Like a scene from the movie Minority Report, infographics pop up on a semi-circular, gesture-controlled glass window pane that dominates the front of the bridge from floor to ceiling. Evoking futuristic Hollywood scenes, the ULSTEIN Bridge Vision uses clean, simplistic lines and minimal buttons at the centre of its design philosophy.
A collaboration of ideas and research between ship design company ULSTEIN, the Oslo School of Architecture and Design, Kwant Controls and The University of Aalesund, it’s clear the heart of the Bridge Vision’s design lies firmly in the future; or the future as we have been taught to imagine it.
The bridge’s technology may not extend to predicting when exactly trouble will happen, as in Minority Report, but instead the captain can conjure up information with the wave of a finger and it will display clearly on the expansive glass for all to see. It can then be dismissed with the shake of a hand.
Video games, smartphones and user-focused functionality
ULSTEIN have also said they were particularly inspired by the technology and graphics of computer games
Assistant Professor at the Oslo School of Architecture and Design, who developed the Bridge Vision along with Kwant Controls and The University of Aalesund, Kjetil Nordby explains where their vision stemmed from: “The Bridge Vision is designed to inspire people’s imagination. As a result of this…We drew inspiration from popular media that form people’s sense of future, like concept cars, movies and games.”
ULSTEIN have also said they were particularly inspired by the technology and graphics of computer games.
“The fundamental vision behind mobile OS development have [sic] been influential to our thinking. Android, WP8 and IOS have redefined the structure of everyday graphical user interfaces. Also, much can be learned about advanced control of real-time systems in the long range of game systems and titles on the market the last 15 years.”

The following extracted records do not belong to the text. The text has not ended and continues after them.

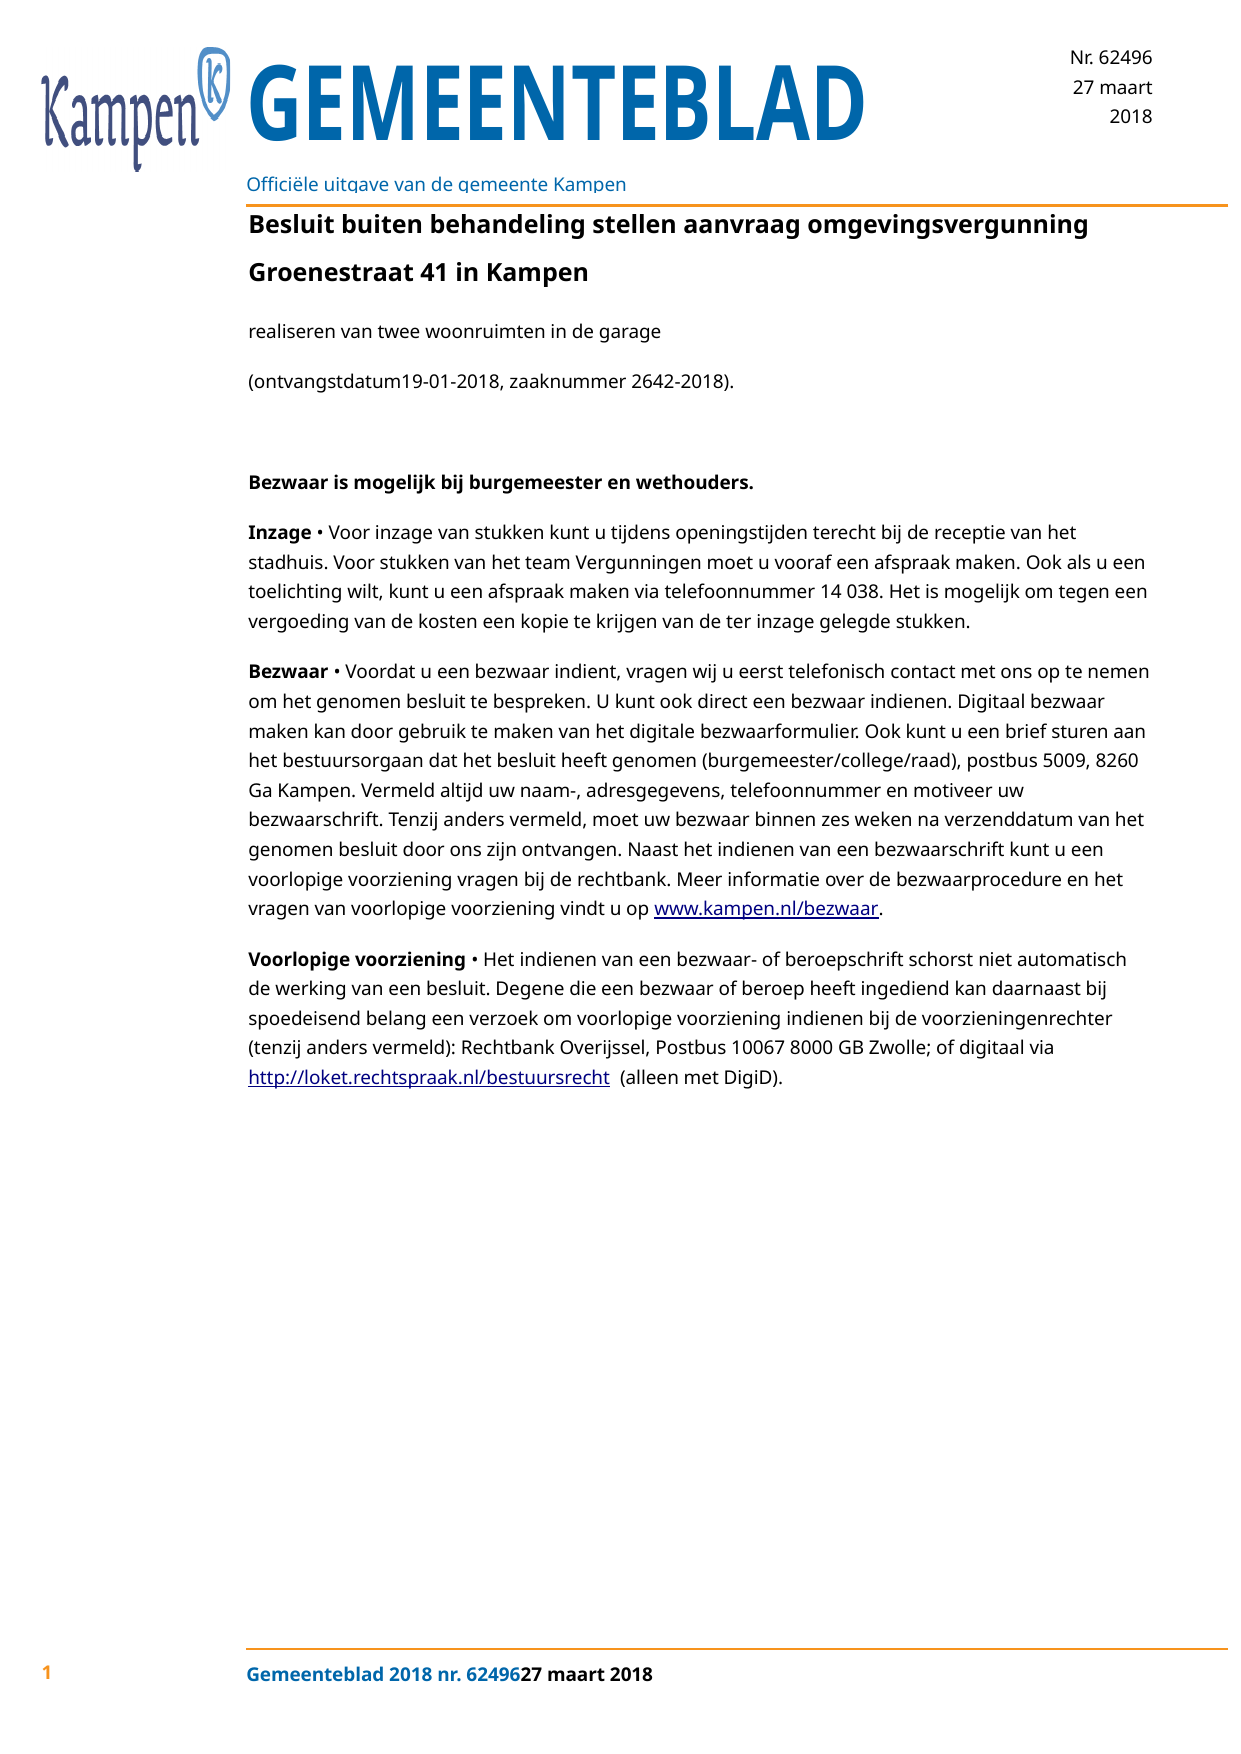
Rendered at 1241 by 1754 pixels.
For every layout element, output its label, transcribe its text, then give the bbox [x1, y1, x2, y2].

text realiseren van twee woonruimten in de garage [248, 318, 1152, 344]
text (ontvangstdatum19-01-2018, zaaknummer 2642-2018). [248, 368, 1152, 394]
text Besluit buiten behandeling stellen aanvraag omgevingsvergunning Groenestraat 41 in Kampen [248, 207, 1152, 288]
text Bezwaar is mogelijk bij burgemeester en wethouders. [248, 469, 1152, 495]
text Inzage • Voor inzage van stukken kunt u tijdens openingstijden terecht bij de receptie van het stadhuis. Voor stukken van het team Vergunningen moet u vooraf een afspraak maken. Ook als u een toelichting wilt, kunt u een afspraak maken via telefoonnummer 14 038. Het is mogelijk om tegen een vergoeding van de kosten een kopie te krijgen van de ter inzage gelegde stukken. [248, 519, 1152, 634]
picture [41, 47, 231, 172]
text Bezwaar • Voordat u een bezwaar indient, vragen wij u eerst telefonisch contact met ons op te nemen om het genomen besluit te bespreken. U kunt ook direct een bezwaar indienen. Digitaal bezwaar maken kan door gebruik te maken van het digitale bezwaarformulier. Ook kunt u een brief sturen aan het bestuursorgaan dat het besluit heeft genomen (burgemeester/college/raad), postbus 5009, 8260 Ga Kampen. Vermeld altijd uw naam-, adresgegevens, telefoonnummer en motiveer uw bezwaarschrift. Tenzij anders vermeld, moet uw bezwaar binnen zes weken na verzenddatum van het genomen besluit door ons zijn ontvangen. Naast het indienen van een bezwaarschrift kunt u een voorlopige voorziening vragen bij de rechtbank. Meer informatie over de bezwaarprocedure en het vragen van voorlopige voorziening vindt u op www.kampen.nl/bezwaar. [248, 659, 1152, 921]
text Voorlopige voorziening • Het indienen van een bezwaar- of beroepschrift schorst niet automatisch de werking van een besluit. Degene die een bezwaar of beroep heeft ingediend kan daarnaast bij spoedeisend belang een verzoek om voorlopige voorziening indienen bij de voorzieningenrechter (tenzij anders vermeld): Rechtbank Overijssel, Postbus 10067 8000 GB Zwolle; of digitaal via http://loket.rechtspraak.nl/bestuursrecht (alleen met DigiD). [248, 946, 1152, 1090]

Just like today’s smartphones, Nordby and his team, when designing the Bridge Vision, were particularly focused on ensuring everything can be personalised and easy to use.
Some of the Bridge Vision’s user-focused features include a system that automatically adapts to the individual user’s preferred setup, a chair design with multiple sitting positions that can also be collapsed for standing, and users are provided with all relevant details related to an operation in their line of vision, making it easier to operate the vessel.
Practicality vs. design
The bridge can also be turned into a simulator for training protocol practice before a critical operation
ULSTEIN and Nordby chose to keep the technology aspect of their design very close to their chest. For example, when asked how they created the glass window interface, he says simply that he can not discuss it.
Other features, which ULSTEIN and Nodby are happy to publicise, are: a system that prioritises information based on the operation and system of the ship, where a real-time overlay is possible, and the fact that information on operationally critical tasks is provided by showing hidden elements due to fog, darkness or elements that are hidden behind objects.
The bridge can also be turned into a simulator for training protocol practice before a critical operation.
The uber-modern looks of ULSTEIN Bridge Vision’s design might make a ship captain question whether functionality gave way for image when designs were being drawn up. Nordby assures the Bridge Vision is as practical – if not more so – as any other ship.
“Many of the functions of the ULSTEIN Bridge Vision are quite similar to the ones found in existing ship bridges. Radars, DP and radios are also present in our systems. However, in the UBV all systems are shown in a unique unified interface that will make operating the systems much more safe and efficient.
“The research has been balanced between user research, design experiments, prototype development and lab building,” he says.
What does the future really hold?
Unlike conventional ship-bridges, says Nordby, ULSTEIN deliver the entire front of the bridge rather than different components coming from different companies as he says is custom.
Plus, he adds, “all equipment may take advantage of advanced interface technologies” and thus “changes the way ships are developed, sold and maintained, essentially moving the ship bridge into the service economy”.
ULSTEIN have just completed the design phase, so, what’s next in the pipeline for their ship-bridge of the future?
Nordby’s simple reply is: “The path of Ulstein Bridge Vision from here on is to follow up on ULSTEIN’s own slogan, ‘Turning visions into reality’.”